- Founded: 1954
- Ideology: Syndicalism Regionalism Localism
- Political position: Far-left

= Libertarian Municipal People =

Libertarian Municipal People (Frihetliga Kommunalfolket, FKF) was originally a slate to contest municipal elections in Sweden, first proposed and staffed by libertarian socialists and syndicalists.

In late February 1950, representatives from syndicalist organizations from Gästrikland, northern Uppland, Älvdalen, as well as individuals from Stockholm, Västmanland and Härjedalen gathered to form a platform to contest municipal elections. Thus FKF emerged, formed outside of the SAC proper. The 'National Organization of Libertarian Municipal People' (Frihetliga Kommunalfolkets Riksorganisation) was founded on June 28, 1950. FKF won 51 seats in 16 municipalities in the 1950 municipal elections, becoming the largest party in Älvdalen with 10 seats.

In 1959, FKF won three seats in Ekshärad municipality.

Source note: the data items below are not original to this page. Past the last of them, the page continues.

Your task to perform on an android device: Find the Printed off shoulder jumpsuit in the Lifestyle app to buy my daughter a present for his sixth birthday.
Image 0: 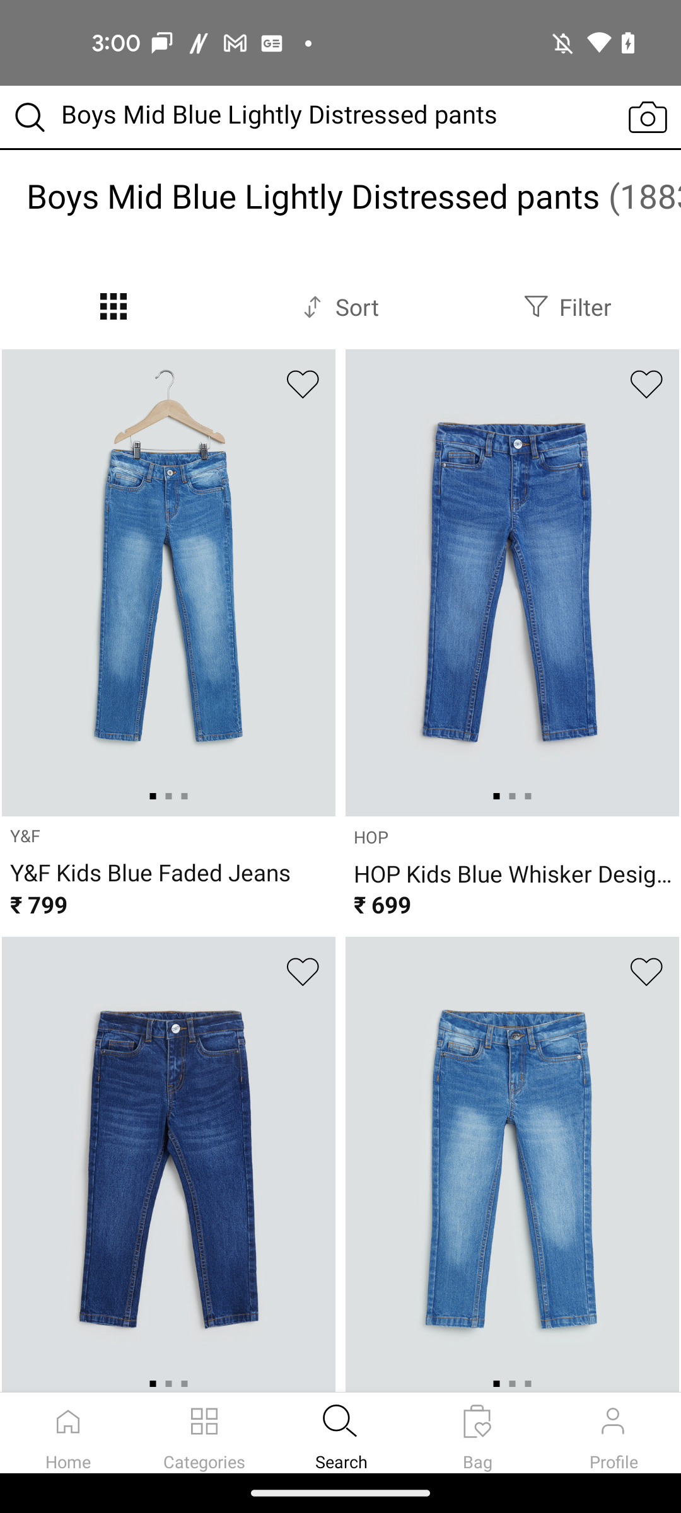
Open the Lifestyle app
Step 0: open app "Lifestyle"
Image 1: 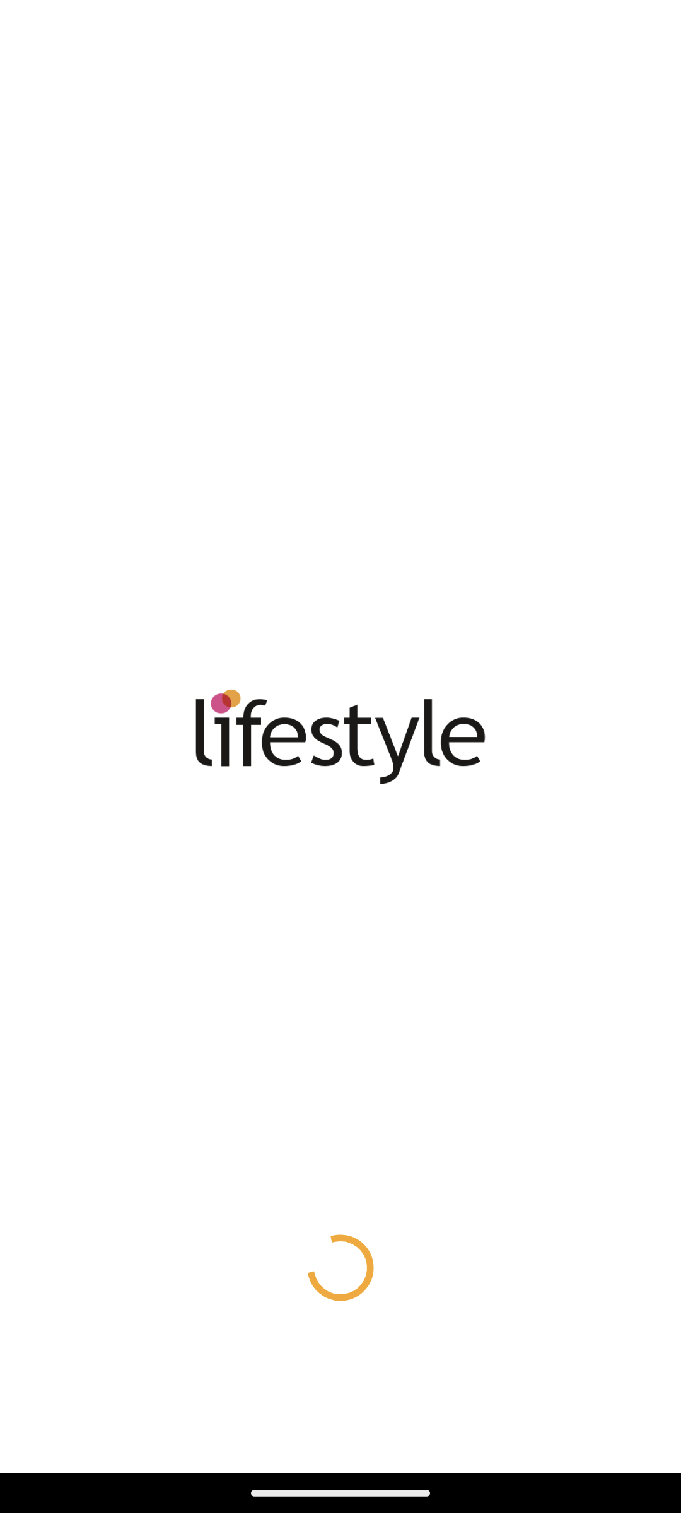
Go to the Kids Category
Step 1: wait
Image 2: 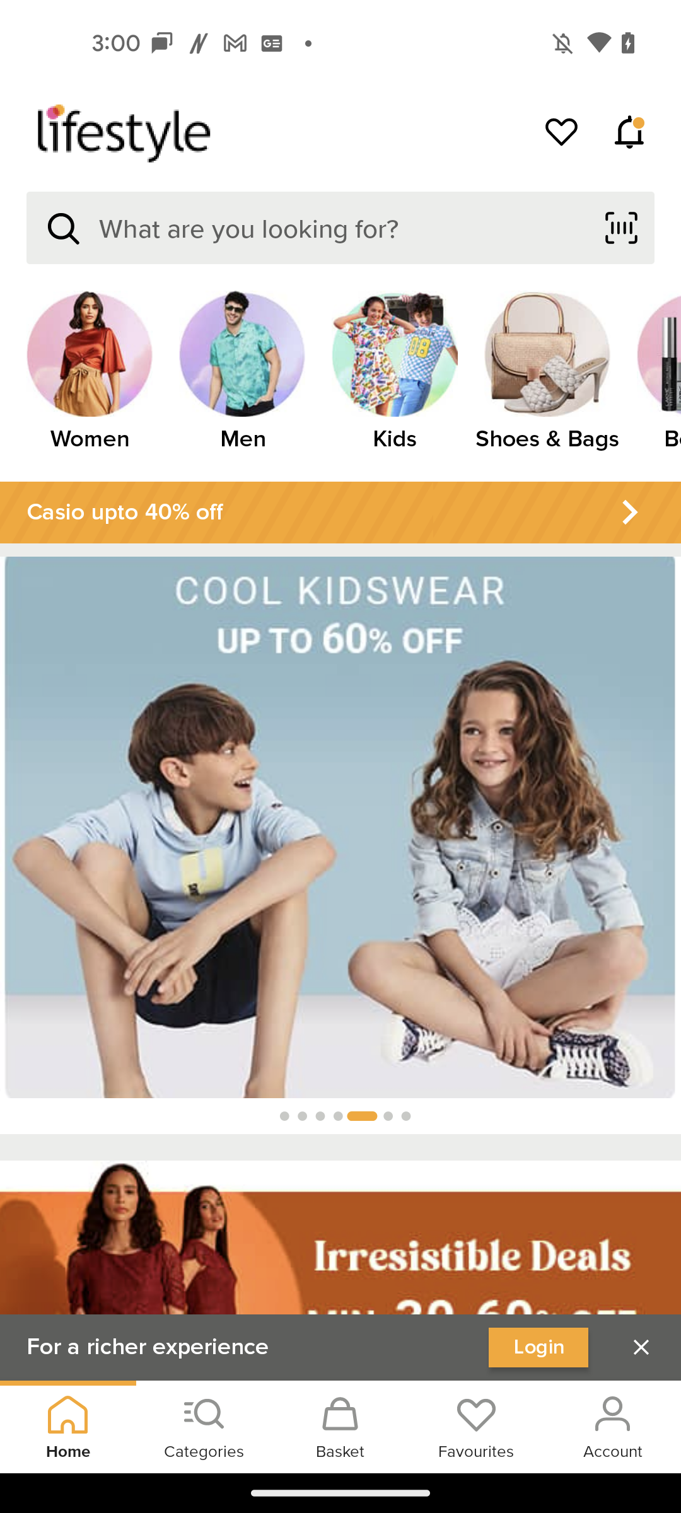
Go to the Kids Category
Step 2: click (404, 368)
Image 3: 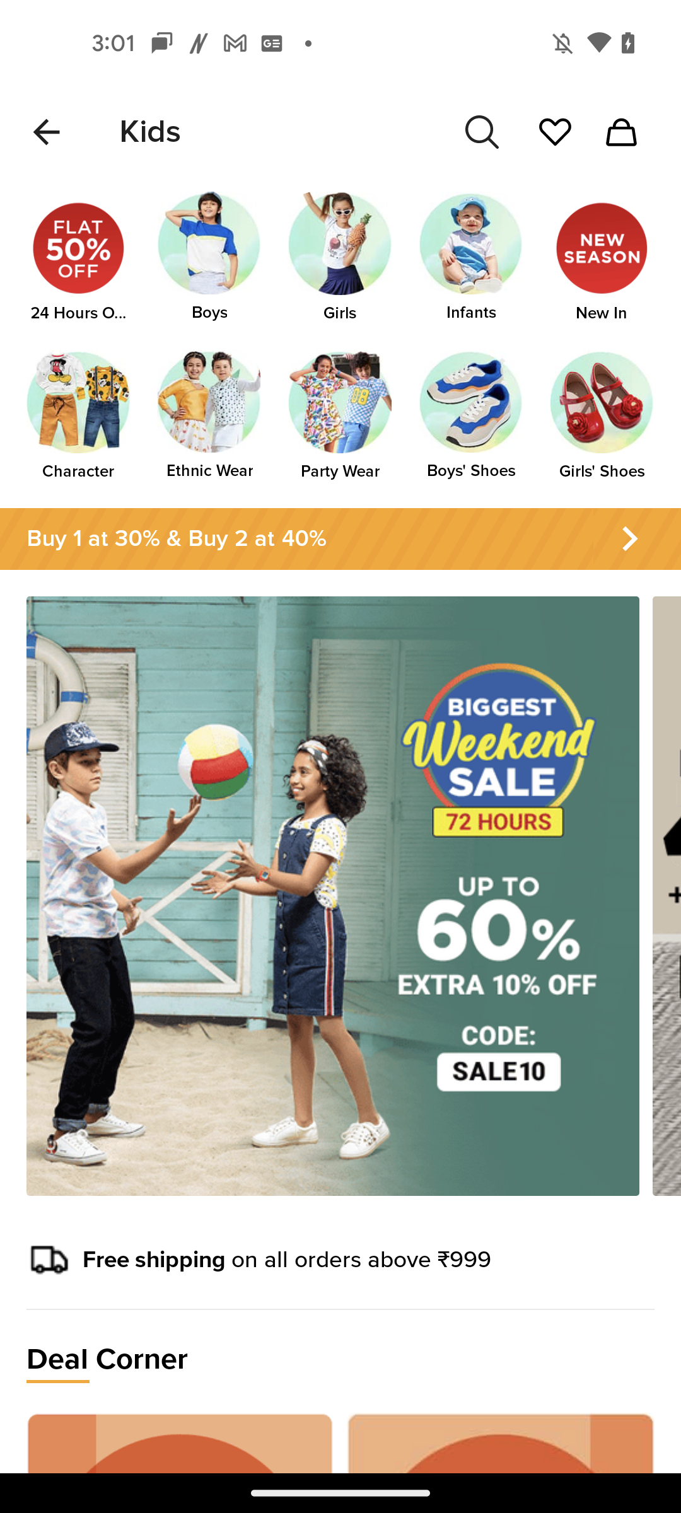
Select the Girls Category
Step 3: click (340, 297)
Image 4: 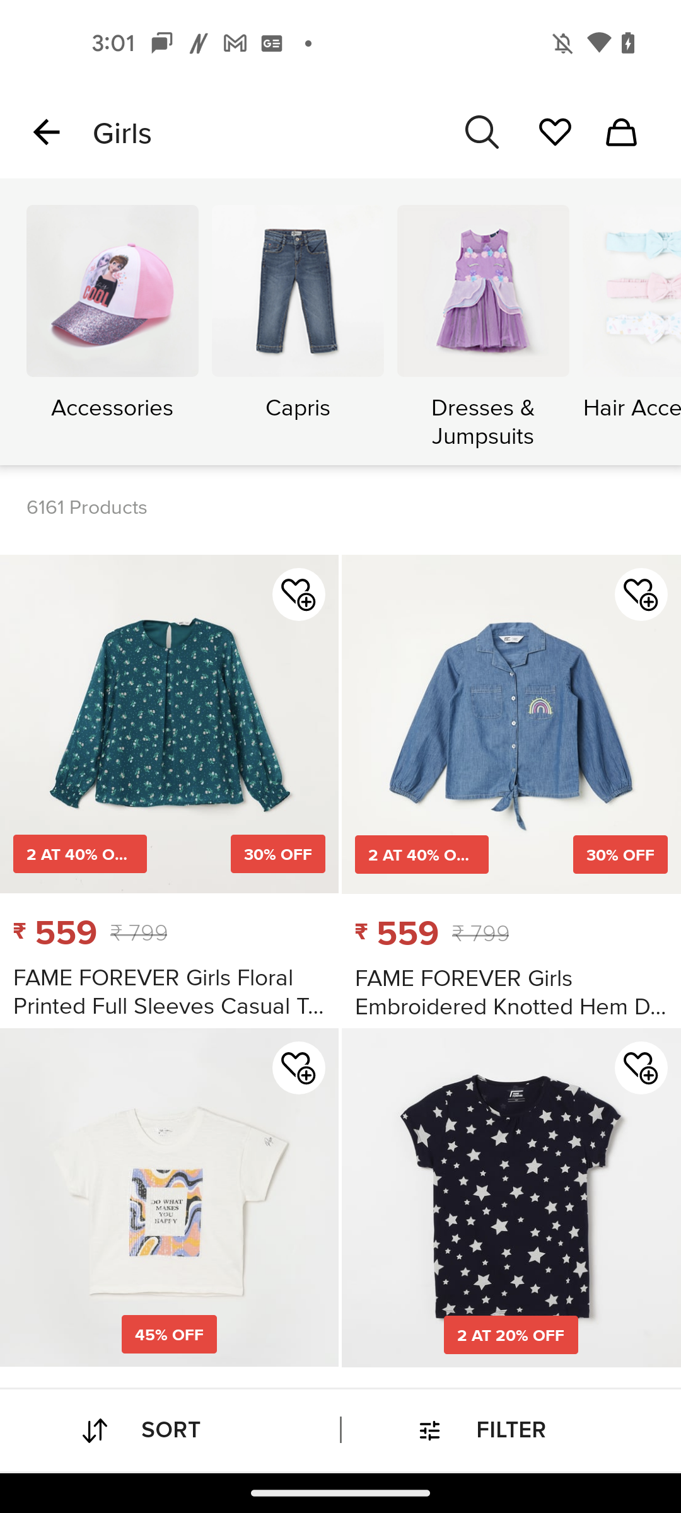
Click on the search icon at the top of the screen
Step 4: click (476, 134)
Image 5: 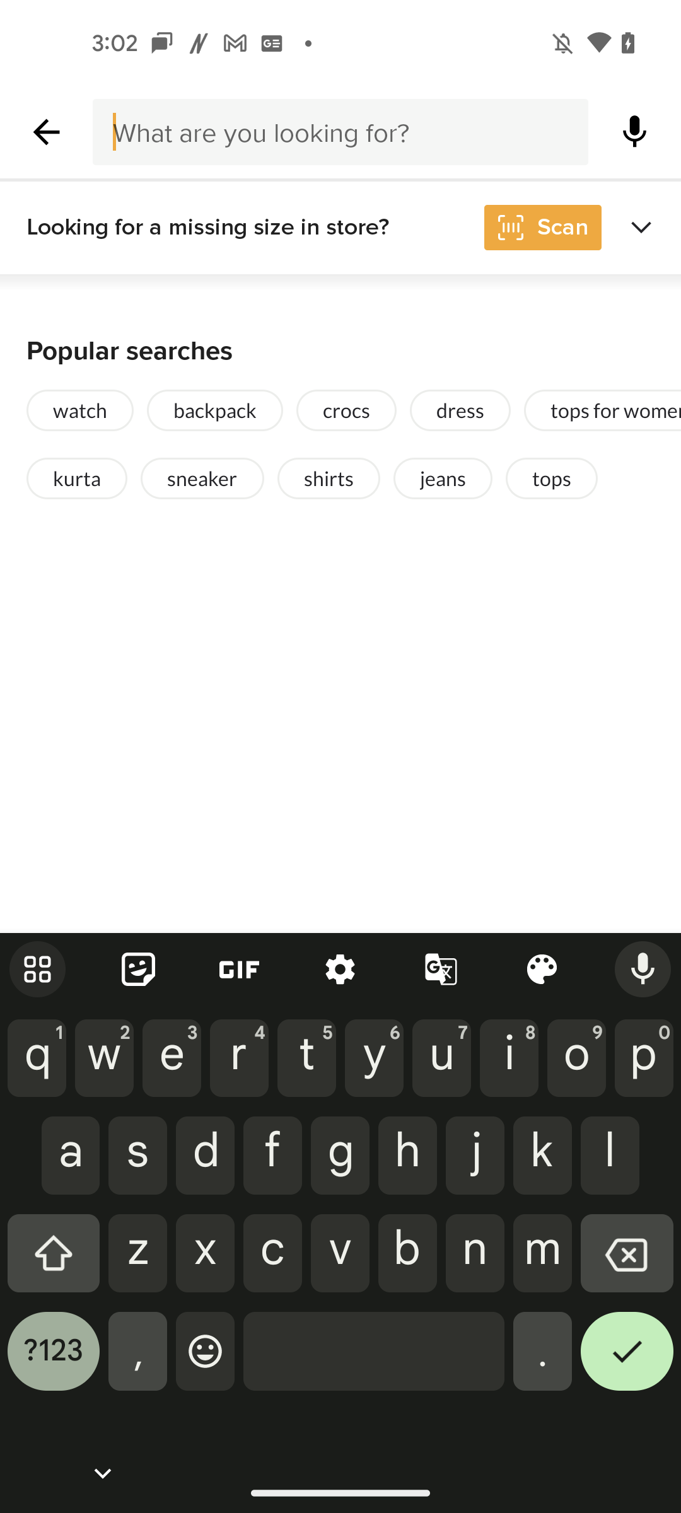
Search for Printed off shoulder jumpsuit in the search bar
Step 5: type "Printed off shoulder jumpsuit"
Image 6: 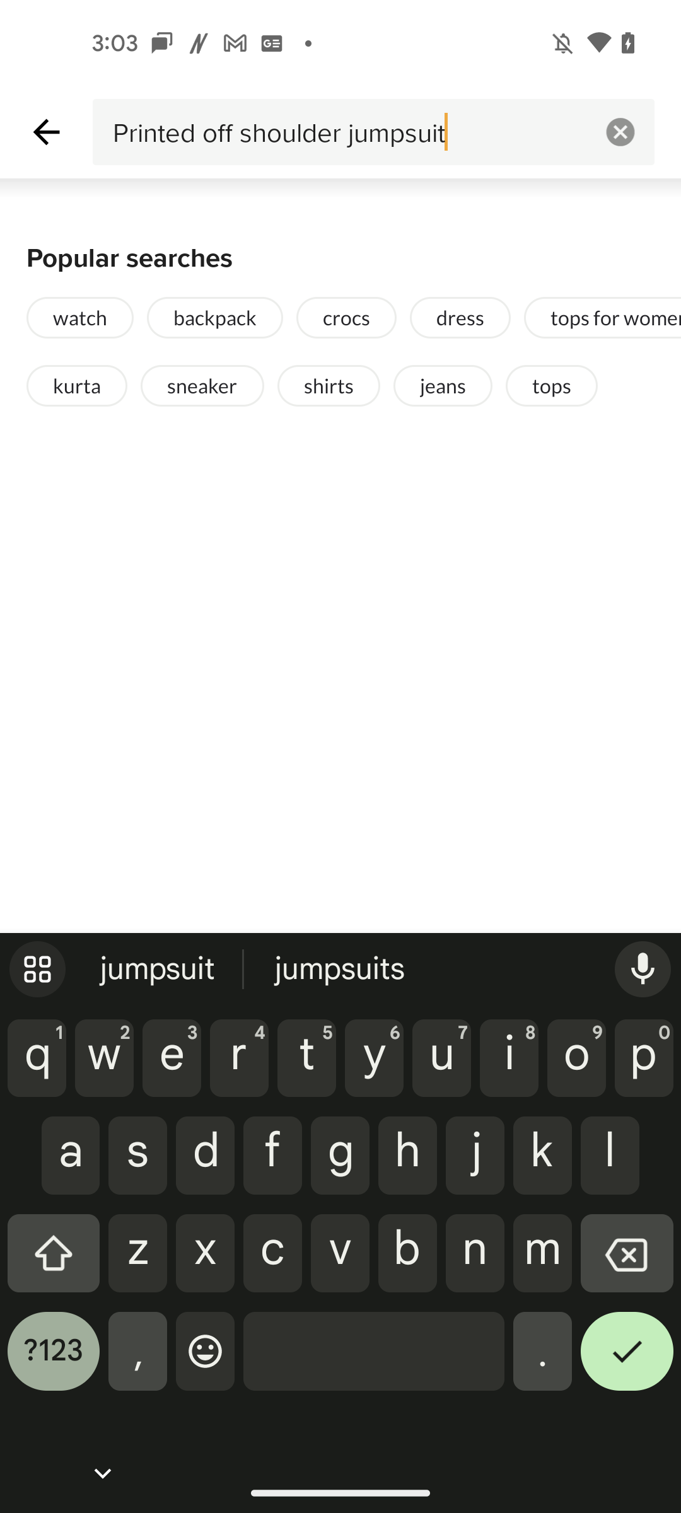
Click on the tick button at the bottom right corner of the keyboard
Step 6: click (627, 1360)

FKF won municipal representation in Ljusdal in 1976.

A text published by SAC in 1963 defined the role of FKF in the following way: "Syndikalismen bildar alltså inget politiskt parti, men utanför SAC har syndikalister bildat Frihetliga Kommunalfolket som har haft relativt stora framgångar, bland annat i vissa områden i Dalarna. Den kommunala självstyrelsen har i syndikalismen en hängiven försvarare, och den frihetliga kommunalrörelsen är ett uttryck för direkt frihetlig aktion underifrån." ("Thus Syndicalism does not form any political party, but outside of SAC syndicalists have formed Frihetliga Kommunalfolket which has had relative big successes, for example in some areas in Dalarna. Syndicalism is a faithful defender of the municipal self-rule, and the libertarian municipal movement is an expression of direct libertarian action from below.")

In the 1994 elections, the candidature FKF was used in two municipalities, Älvdalen and Ljusdal. FKF got 3.6% of votes in Ljusdal and 2.8% in Älvdalen.

In the 1998 elections in Älvdalen, FKF received 286 votes (6.3%) and 3 seats.

Notably, both the Älvdalen and Färila (in Ljusdal municipality) local organizations of the SAC belonged to the pragmatic fraction that broke away in end of 1990s.

In Ljusdal, Libertarian Municipal People fielded a joint candidature with Rädda Ljusdalsbygden (environmentally oriented splinter group of VPK) called Frihetliga Ljusdalsbygden. FLB contested the 2002 municipal elections and got 551 votes (5.0%) and two seats; Artur Berg from FKF and Jonny Mill from RLB. FLB has however broken down after the elections, and both groups work separately again.

FKF in Älvdalen is involved in a regional coalition Folkkampanjen för sjukvården (Peoples Campaign for Health Care).

FKF has a replacement seat in the Associations of Municipalities of Dalarna.